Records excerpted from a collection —

= Beginning of Section =

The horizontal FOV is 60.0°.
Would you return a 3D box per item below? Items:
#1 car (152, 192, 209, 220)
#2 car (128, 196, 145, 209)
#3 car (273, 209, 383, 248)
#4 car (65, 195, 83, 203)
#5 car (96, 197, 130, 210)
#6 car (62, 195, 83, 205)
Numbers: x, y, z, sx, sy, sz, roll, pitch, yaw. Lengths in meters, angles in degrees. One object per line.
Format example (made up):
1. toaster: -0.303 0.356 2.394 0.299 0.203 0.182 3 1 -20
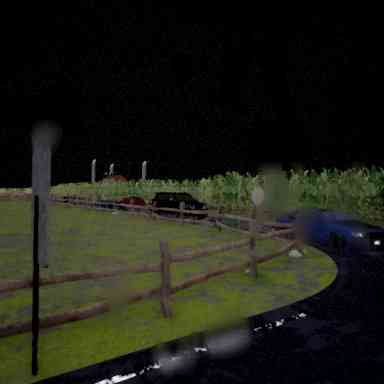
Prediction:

= End of Section =

WHAT TO WORK ON — Write out only the lines from the one that contains "Numbers: x, y, z, sx, sy, sz, roll, pitch, yaw." through the last line of the records above, both included, word for word and without the pictures.

YOUR RESPONSE —
Numbers: x, y, z, sx, sy, sz, roll, pitch, yaw. Lengths in meters, angles in degrees. One object per line.
Format example (made up):
1. toaster: -0.303 0.356 2.394 0.299 0.203 0.182 3 1 -20
Prediction:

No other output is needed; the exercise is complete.